# What to produce:
Each line below is to be repeated exactly; any picture is to be left out.

# Data for analysis:
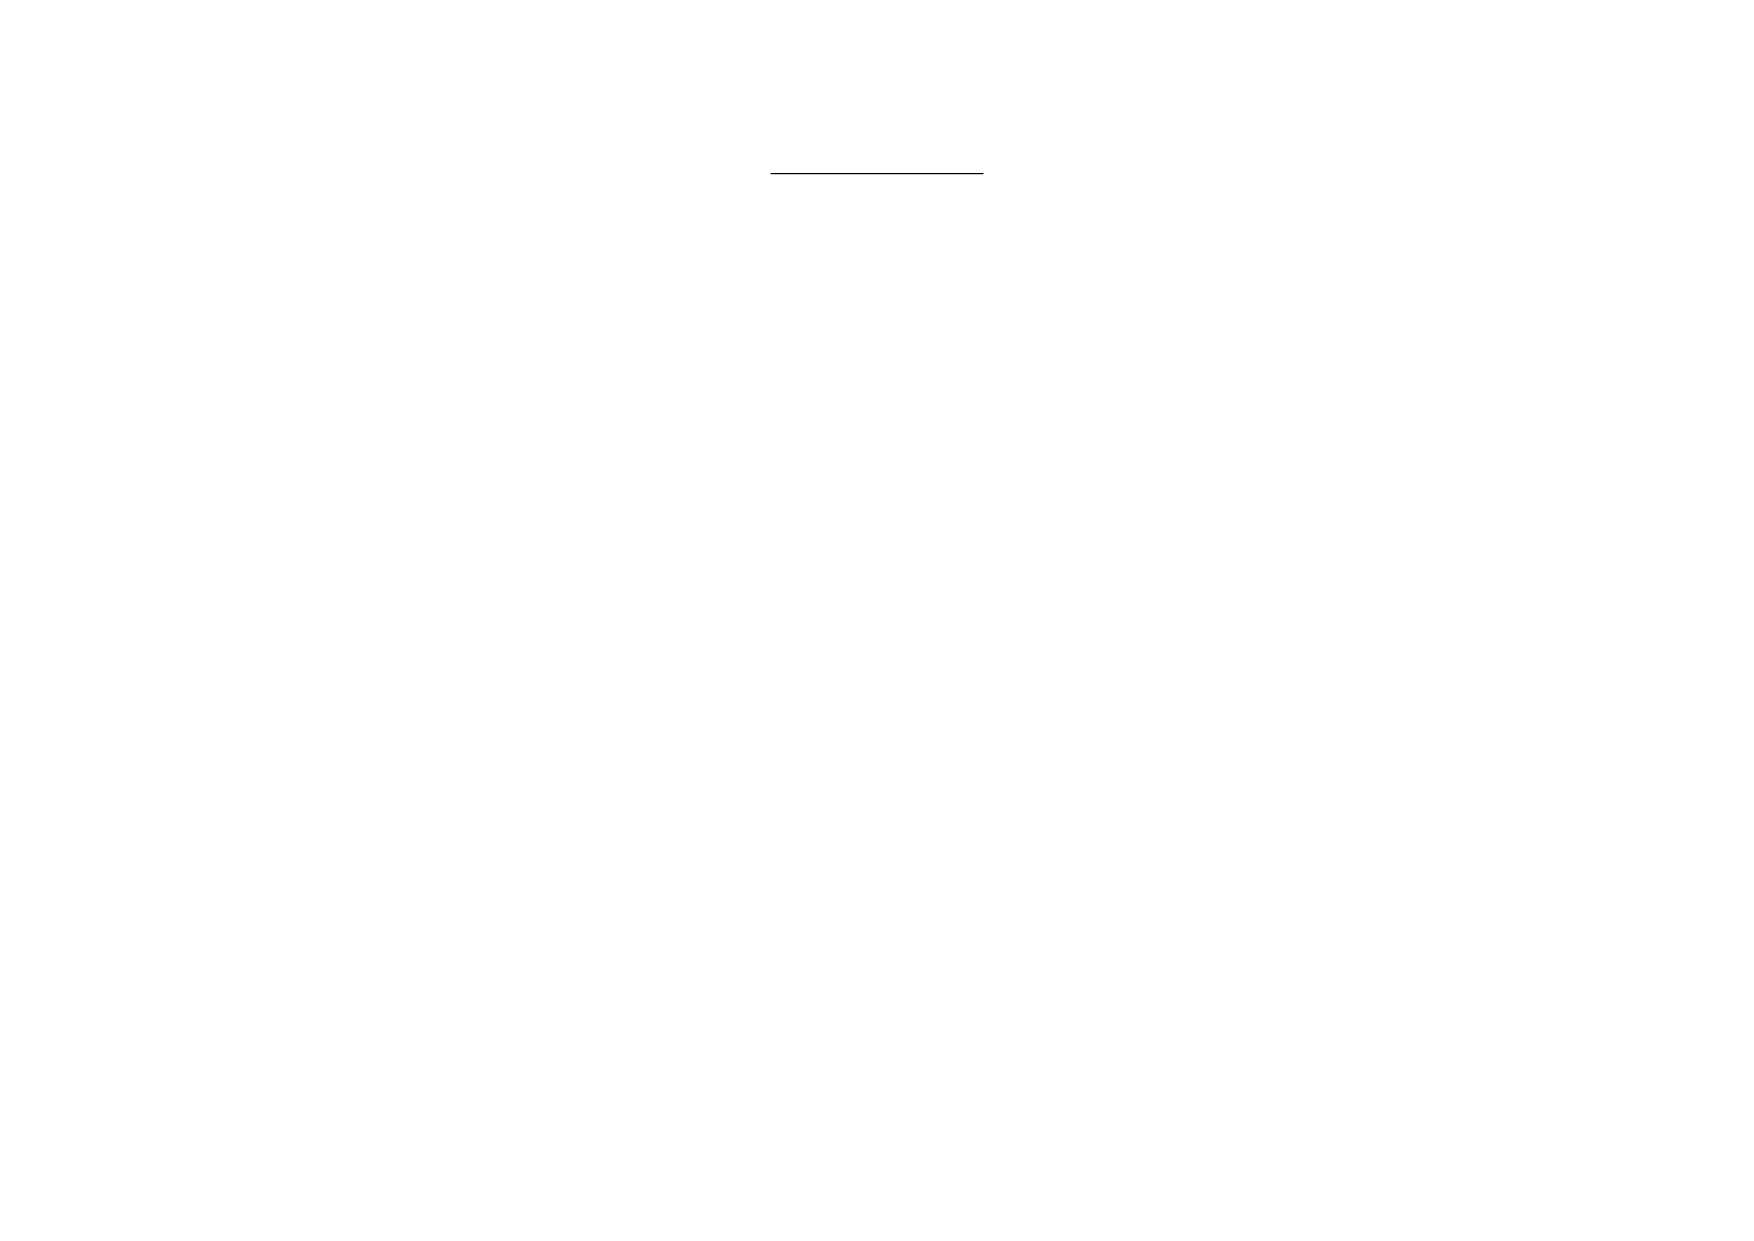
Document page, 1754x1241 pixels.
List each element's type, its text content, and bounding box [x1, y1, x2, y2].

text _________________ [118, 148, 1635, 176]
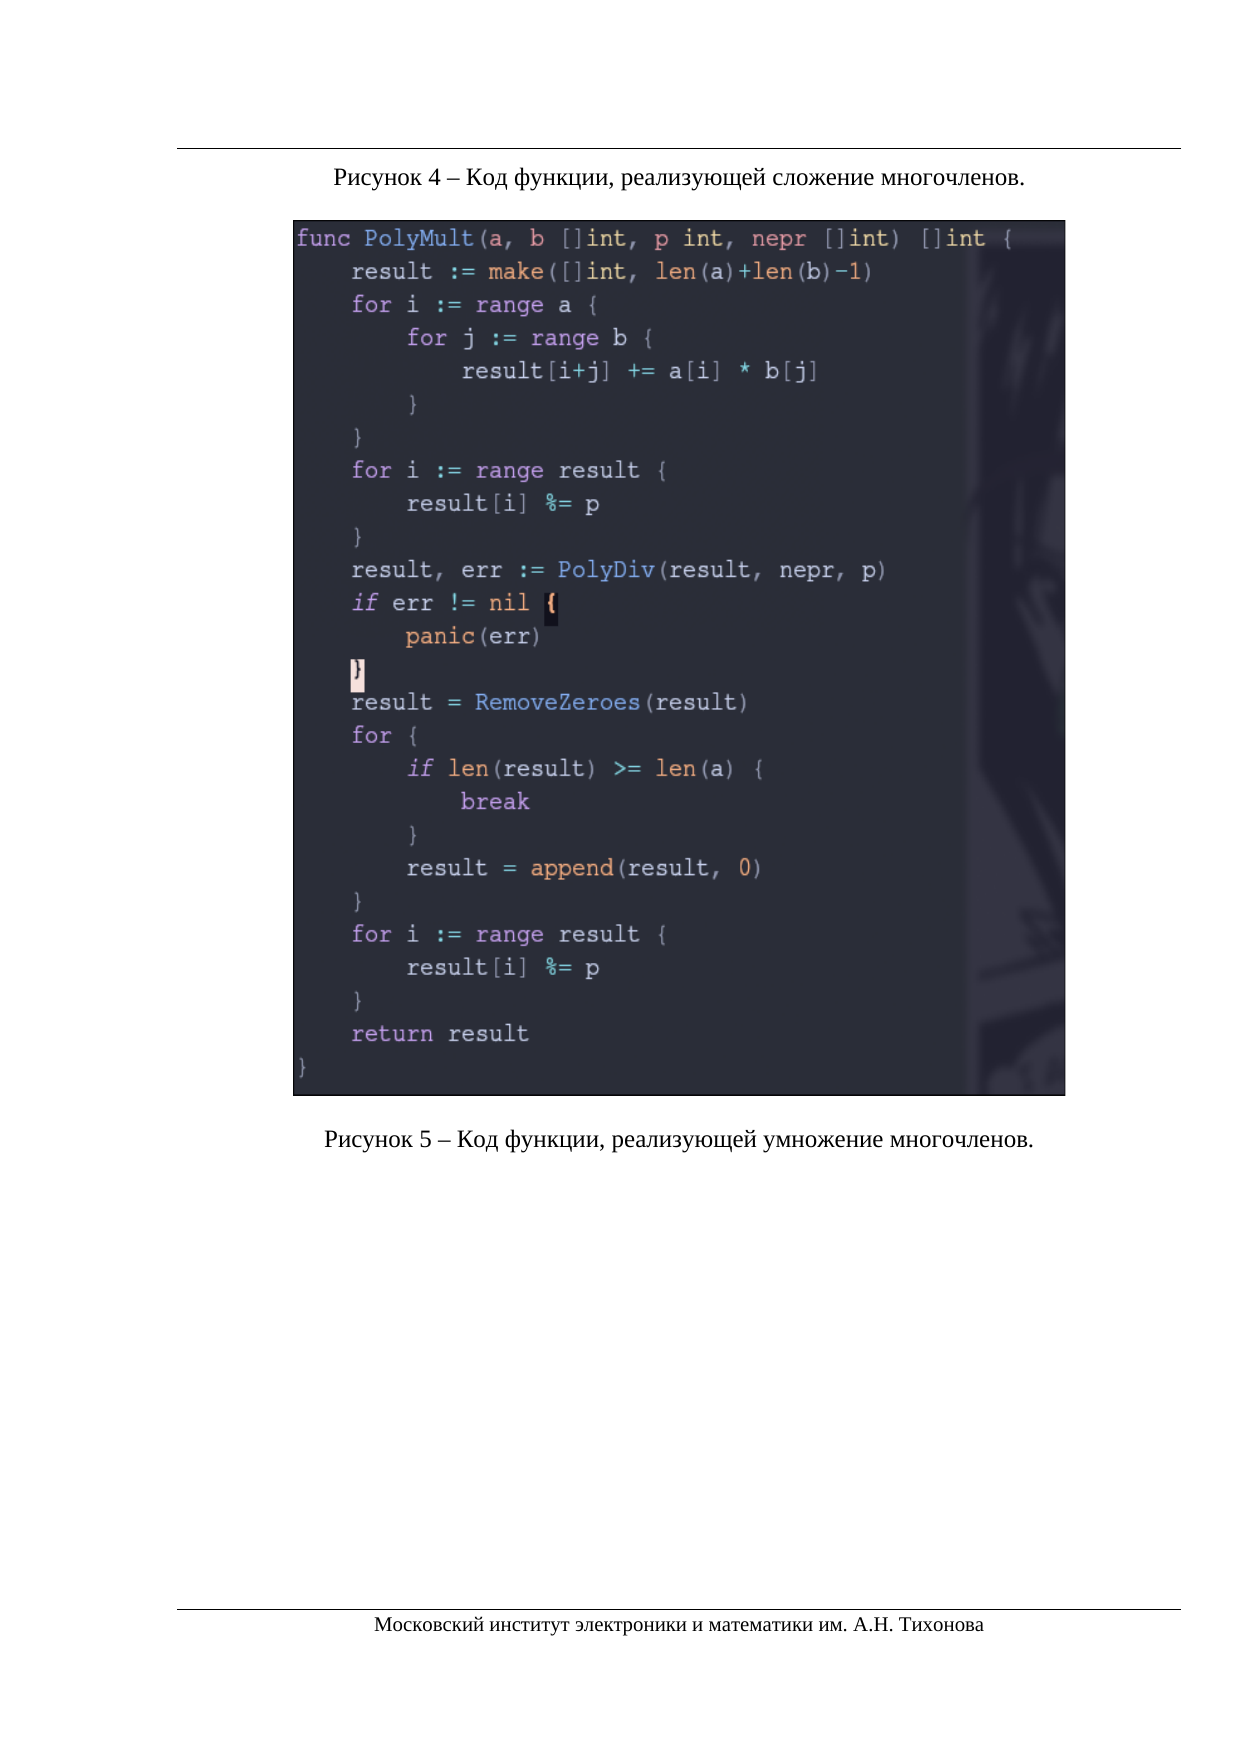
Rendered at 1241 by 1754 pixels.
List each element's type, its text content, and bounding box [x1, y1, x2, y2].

# Expected answer:
Document page, 1754x1241 pixels.
List each element's type, its text content, and bounding box [x1, y1, x2, y2].

text _________________ [118, 148, 1635, 176]
Rendered at 1241 by 1754 pixels.
List each element's type, its text content, and bounding box [x1, y1, x2, y2].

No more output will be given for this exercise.